CARBON DIOXIDE AND WATER INJECTION-INDUCED FRACTURING: IMPLICATIONS FOR CARBON GEOSEQUESTRATION

Abstract

To safely sequester carbon dioxide (CO2) in the subsurface, it is vital to maintain the injection pressure below the formation breakdown pressure, which is dominantly governed by lithology, principal stresses, and presence of natural fractures. Injecting CO2 at pressures below formation breakdown prevents the creation of injection-induced fractures and associated microseismicity which are undesirable occurrences for CO2 sequestration projects. However, higher injection pressure allows more formation fluids to be displaced, thus enhancing the effective storage capacity of the sequestration zone which benefits CO2 project economics. Leak-off tests are typically conducted with a water-based fluid to determine the breakdown pressure. But, considering the significant dissimilarity in the fluid properties of water and CO2 the resulting breakdown pressure (Pb), failure mechanism and extent of damage can vary. In this study, we investigate how different injectates (CO2 and water) impact rock breakdown pressure and fracturing and the implications for CO2 sequestration.

Multiple true triaxial fracturing tests were performed on 2.5% KCl brine saturated samples using CO2 and water. The tests were done on CO2 non-/exposed samples which were cylindrical with dimensions of 4” in diameter and 5.5” in length. Samples with different petrophysical and elastic properties were used. The injection pressure and acoustic emissions were simultaneously recorded in real time. We mounted an array of sixteen (16) 1 MHz piezoelectric transducers around the samples to capture acoustic emissions (AEs) which were used to calculate the events’ location, and attributes. After the fracturing tests, we took vertical plugs along the main fracture and measured permeability under confining pressure. We also imaged the fractures using the scanning electron microscope (SEM).

For all samples, CO2 reduced Pb noticeably as compared to water. The percentage by which Pb was reduced varied among the different sandstones. Similar Pb was observed for non-exposed and exposed samples fractured with CO2. The permeability of fractures induced by CO2 was consistently one order of magnitude greater than water induced fracture permeability, over the entire range of confining pressure (1000 psi to 4000 psi). Physical examination of the fractured samples revealed that CO2 fracturing created bi-wing fractures that spanned the entire length of samples, whereas fractures generated by water fracturing traversed only half of the sample length. The number of AEs in CO2 fracturing was considerably greater, and the AEs had broader distribution perpendicular to the fracture plane, compared to that of water fracturing. CO2 and water induced AEs had similar moment magnitudes, failure mechanism and frequency. SEM imaging of fractures revealed wider fracture aperture ( 1.4-6 times), several lose grains, rough fracture edges, secondary branching, and regions of intense microcracking in fractures created by CO2 injection than by water injection.

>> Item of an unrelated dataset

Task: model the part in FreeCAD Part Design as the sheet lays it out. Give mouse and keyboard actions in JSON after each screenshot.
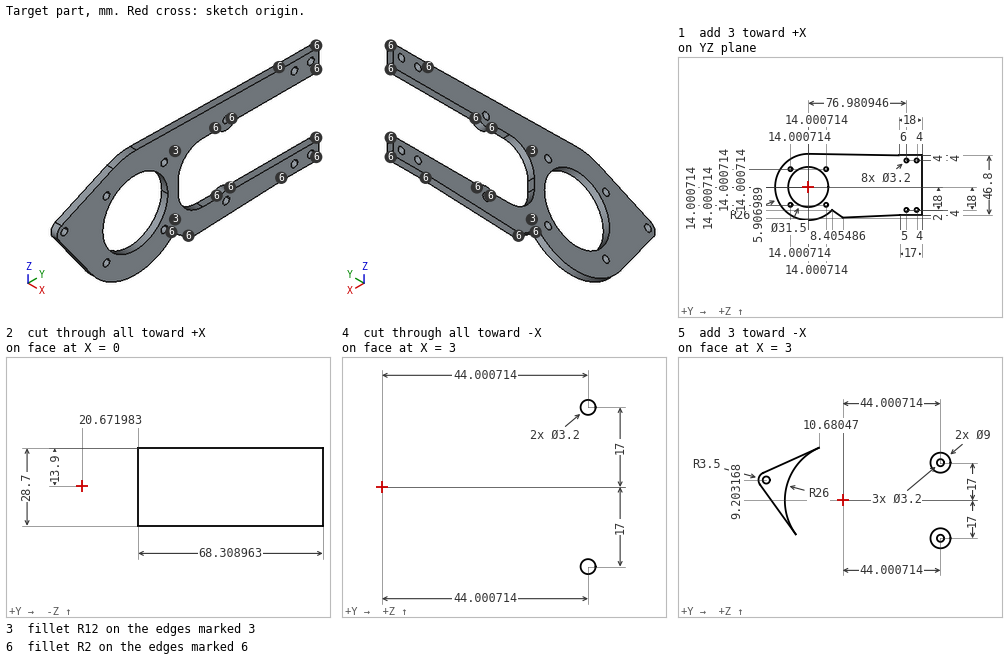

Based on the experimental results, we have observed that fracturing with CO2 occurs at a lower breakdown pressure; therefore, the Pb estimated from leak-off test (using a water based fluid) would be an overestimation of the actual Pb of the formation. Similarity in breakdown pressure of exposed and non-exposed quartz rich rocks means that the geomechanical response of a predominantly quartz rich formation during and before CO2 injection will likely remain similar. The lower breakdown pressure could be attributed to the lower viscosity and greater percolation ability of CO2, enabling it to reach pores and crack tips more easily to promote crack propagation. CO2 fracturing results in larger damage in both fracture propagation extent and permeability due to the sudden expansion of CO2, which releases energy to further the crack extension. Consequently, generated fractures can propagate over longer distances vertically which can potentially compromise the integrity of the seal above and below the storage zone. They also have greater transmissivity and thus could facilitate CO2 leakage by providing a pathway for migration. Therefore, precise knowledge of the formation's Pb during CO2 injection is essential for optimizing injectivity which consequently will promote accurate project economic evaluation and environmental protection. But the comparability between magnitudes, focal mechanism and frequency of acoustic emissions induced by water and CO2 injection means that lessons can be learnt from the abundant experience of conventional water injection. Laboratory measurements provide a controlled means to ascertain the true Pb and other geomechanical responses to CO2 injection. In terms of reservoir stimulation, CO2 as a fracturing fluid has the potential to lower operations cost, increase production, and minimize environmental impacts.